**AIM OF THE EXERCISE**
From the records below, set down exactly the lines starting with the line that contains "function MM_findObj(n, d)" and going on through the line that contains "if(!(x=d[n])&&d.all) x=d.all[n]; for". Nothing else is wanted.

**PROVIDED RECORDS**
============
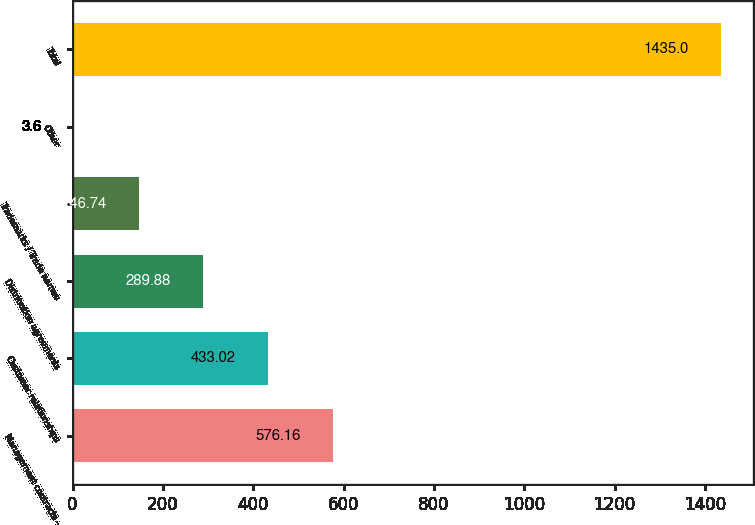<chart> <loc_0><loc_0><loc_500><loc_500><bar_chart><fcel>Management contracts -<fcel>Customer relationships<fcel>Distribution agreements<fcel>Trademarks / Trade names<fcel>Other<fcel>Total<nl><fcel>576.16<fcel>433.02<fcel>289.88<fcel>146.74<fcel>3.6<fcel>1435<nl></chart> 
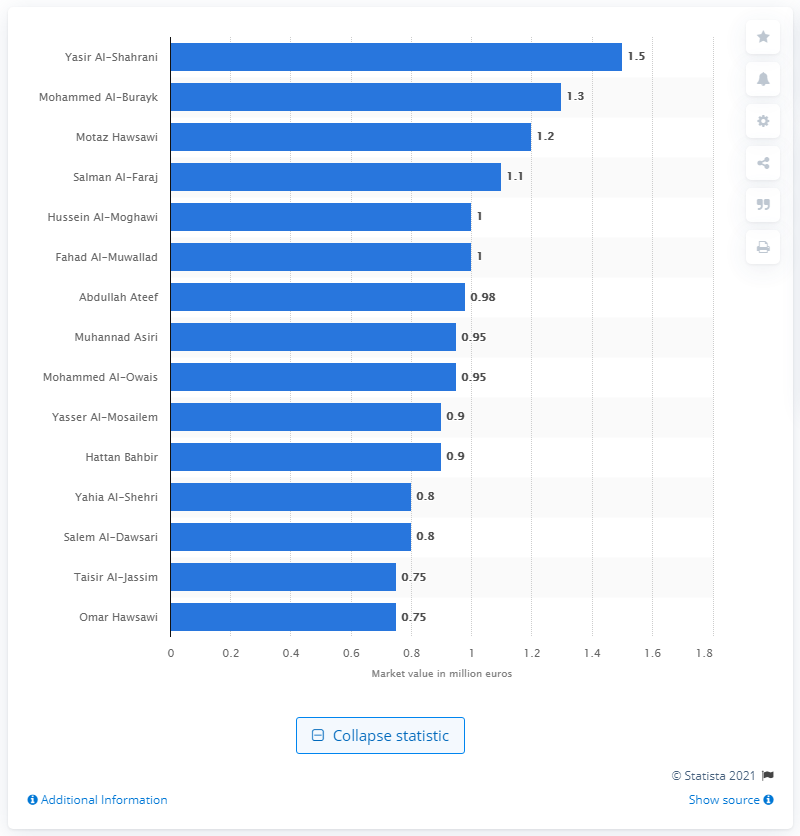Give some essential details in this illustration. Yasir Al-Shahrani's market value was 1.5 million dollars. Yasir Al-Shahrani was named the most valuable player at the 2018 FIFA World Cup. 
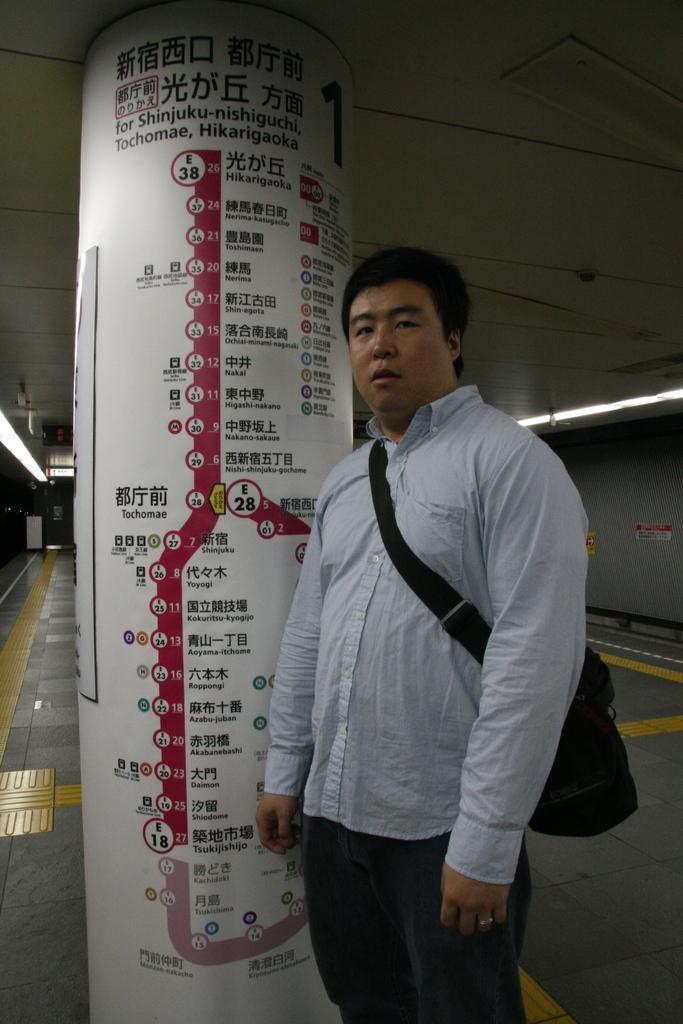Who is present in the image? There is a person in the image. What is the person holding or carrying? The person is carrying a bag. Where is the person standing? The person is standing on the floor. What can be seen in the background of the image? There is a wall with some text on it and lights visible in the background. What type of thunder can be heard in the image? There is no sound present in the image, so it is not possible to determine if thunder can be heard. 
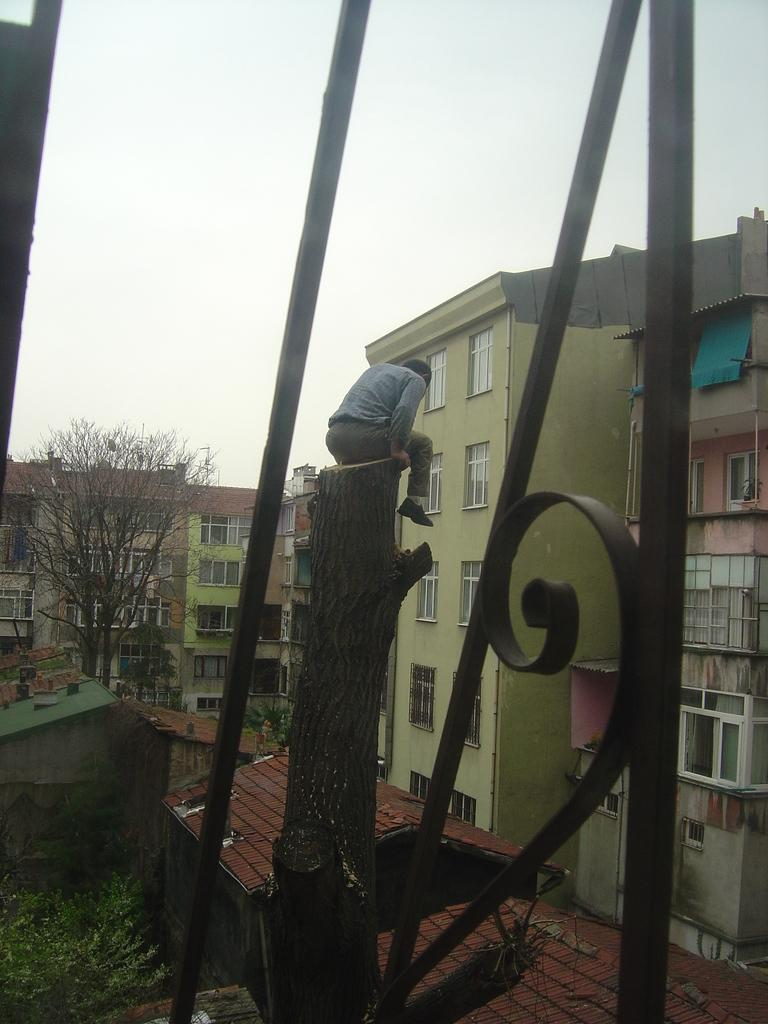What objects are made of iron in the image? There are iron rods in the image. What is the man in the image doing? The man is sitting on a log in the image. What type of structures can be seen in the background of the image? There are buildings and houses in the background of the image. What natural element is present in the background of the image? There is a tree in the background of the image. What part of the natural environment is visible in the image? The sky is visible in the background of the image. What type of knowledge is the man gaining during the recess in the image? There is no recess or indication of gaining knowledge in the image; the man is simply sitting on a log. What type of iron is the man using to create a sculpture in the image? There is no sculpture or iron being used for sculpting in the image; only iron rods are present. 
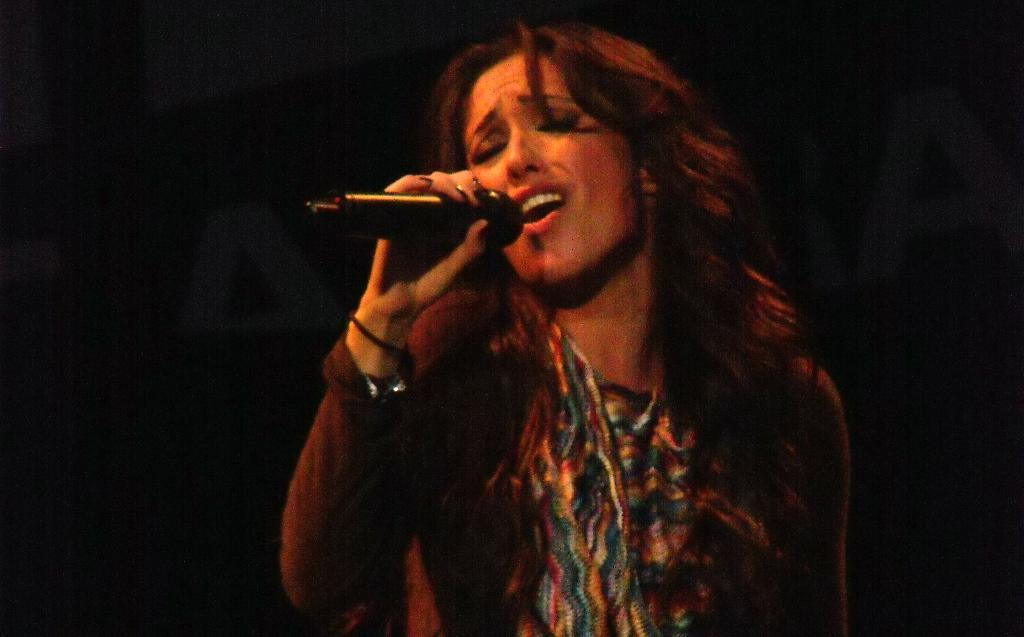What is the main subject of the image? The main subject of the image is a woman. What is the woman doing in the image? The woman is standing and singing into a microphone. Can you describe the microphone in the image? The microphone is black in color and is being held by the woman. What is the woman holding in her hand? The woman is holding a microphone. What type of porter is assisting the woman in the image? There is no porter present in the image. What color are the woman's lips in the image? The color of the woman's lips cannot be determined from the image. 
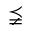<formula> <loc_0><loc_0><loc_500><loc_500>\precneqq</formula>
============
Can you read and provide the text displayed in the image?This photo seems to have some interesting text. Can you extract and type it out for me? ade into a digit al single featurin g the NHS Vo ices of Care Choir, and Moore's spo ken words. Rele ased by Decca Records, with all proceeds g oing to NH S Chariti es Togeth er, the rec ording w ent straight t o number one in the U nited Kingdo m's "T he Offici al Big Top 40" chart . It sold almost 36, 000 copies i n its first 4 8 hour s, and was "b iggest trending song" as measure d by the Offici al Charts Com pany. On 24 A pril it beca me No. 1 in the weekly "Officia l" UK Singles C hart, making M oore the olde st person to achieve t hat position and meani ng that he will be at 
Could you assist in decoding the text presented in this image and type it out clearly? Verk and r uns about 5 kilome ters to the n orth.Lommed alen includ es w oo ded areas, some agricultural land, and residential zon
============
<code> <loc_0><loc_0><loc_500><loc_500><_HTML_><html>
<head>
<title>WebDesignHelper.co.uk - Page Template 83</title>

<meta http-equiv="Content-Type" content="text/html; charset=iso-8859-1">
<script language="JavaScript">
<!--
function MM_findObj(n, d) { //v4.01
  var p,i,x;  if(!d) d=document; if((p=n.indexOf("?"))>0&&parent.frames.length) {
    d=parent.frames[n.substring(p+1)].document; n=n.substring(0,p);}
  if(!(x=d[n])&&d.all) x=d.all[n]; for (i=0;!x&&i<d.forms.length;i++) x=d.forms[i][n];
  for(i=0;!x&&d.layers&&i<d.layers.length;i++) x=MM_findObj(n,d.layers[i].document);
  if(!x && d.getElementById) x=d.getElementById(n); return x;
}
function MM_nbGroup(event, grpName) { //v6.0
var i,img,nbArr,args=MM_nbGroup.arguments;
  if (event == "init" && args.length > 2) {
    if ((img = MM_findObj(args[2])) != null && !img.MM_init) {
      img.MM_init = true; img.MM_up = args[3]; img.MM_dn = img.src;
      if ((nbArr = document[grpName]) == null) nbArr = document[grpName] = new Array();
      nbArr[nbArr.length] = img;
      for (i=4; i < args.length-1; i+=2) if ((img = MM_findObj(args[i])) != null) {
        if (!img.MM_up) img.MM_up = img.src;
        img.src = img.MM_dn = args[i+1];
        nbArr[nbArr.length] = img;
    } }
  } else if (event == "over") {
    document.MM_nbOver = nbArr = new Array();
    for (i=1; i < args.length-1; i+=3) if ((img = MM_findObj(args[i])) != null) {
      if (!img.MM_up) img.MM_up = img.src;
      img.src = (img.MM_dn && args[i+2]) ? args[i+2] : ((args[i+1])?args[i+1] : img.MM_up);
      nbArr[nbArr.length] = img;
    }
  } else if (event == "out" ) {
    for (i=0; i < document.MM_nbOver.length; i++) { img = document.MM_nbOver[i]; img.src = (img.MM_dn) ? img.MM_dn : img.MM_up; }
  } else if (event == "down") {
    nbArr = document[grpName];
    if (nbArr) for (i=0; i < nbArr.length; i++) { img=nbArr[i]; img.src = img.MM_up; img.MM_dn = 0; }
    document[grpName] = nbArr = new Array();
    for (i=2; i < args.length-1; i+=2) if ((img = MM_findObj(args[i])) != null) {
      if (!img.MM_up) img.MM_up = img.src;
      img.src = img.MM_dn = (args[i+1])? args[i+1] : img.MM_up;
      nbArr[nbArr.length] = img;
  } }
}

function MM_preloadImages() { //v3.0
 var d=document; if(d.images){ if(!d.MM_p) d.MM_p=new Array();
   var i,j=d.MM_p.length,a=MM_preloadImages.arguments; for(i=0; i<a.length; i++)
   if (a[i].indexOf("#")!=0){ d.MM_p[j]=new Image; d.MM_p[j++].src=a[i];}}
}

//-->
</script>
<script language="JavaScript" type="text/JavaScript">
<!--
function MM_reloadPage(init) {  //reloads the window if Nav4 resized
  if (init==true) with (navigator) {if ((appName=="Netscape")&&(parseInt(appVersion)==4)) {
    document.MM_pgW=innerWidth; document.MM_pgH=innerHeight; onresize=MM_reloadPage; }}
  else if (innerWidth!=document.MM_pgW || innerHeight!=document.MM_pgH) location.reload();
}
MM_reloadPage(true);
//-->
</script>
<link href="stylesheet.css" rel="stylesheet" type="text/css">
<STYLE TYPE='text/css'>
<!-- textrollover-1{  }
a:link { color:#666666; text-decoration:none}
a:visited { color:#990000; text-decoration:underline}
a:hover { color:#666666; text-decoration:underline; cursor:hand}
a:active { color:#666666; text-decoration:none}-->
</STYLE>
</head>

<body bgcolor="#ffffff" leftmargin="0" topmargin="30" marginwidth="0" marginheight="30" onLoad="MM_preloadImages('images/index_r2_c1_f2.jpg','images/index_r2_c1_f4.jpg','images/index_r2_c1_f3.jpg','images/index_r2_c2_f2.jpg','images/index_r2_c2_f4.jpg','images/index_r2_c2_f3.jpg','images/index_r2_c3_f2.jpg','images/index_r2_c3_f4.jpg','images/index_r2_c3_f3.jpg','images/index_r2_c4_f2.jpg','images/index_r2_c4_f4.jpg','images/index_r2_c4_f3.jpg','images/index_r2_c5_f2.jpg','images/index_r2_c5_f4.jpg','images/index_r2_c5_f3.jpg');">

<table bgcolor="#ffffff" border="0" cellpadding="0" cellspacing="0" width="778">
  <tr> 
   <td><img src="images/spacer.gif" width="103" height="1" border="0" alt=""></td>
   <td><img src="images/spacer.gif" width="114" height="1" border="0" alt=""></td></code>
============
**SOLUTION TO THIS PROBLEM**
function MM_findObj(n, d) { //v4.01
  var p,i,x;  if(!d) d=document; if((p=n.indexOf("?"))>0&&parent.frames.length) {
    d=parent.frames[n.substring(p+1)].document; n=n.substring(0,p);}
  if(!(x=d[n])&&d.all) x=d.all[n]; for (i=0;!x&&i<d.forms.length;i++) x=d.forms[i][n];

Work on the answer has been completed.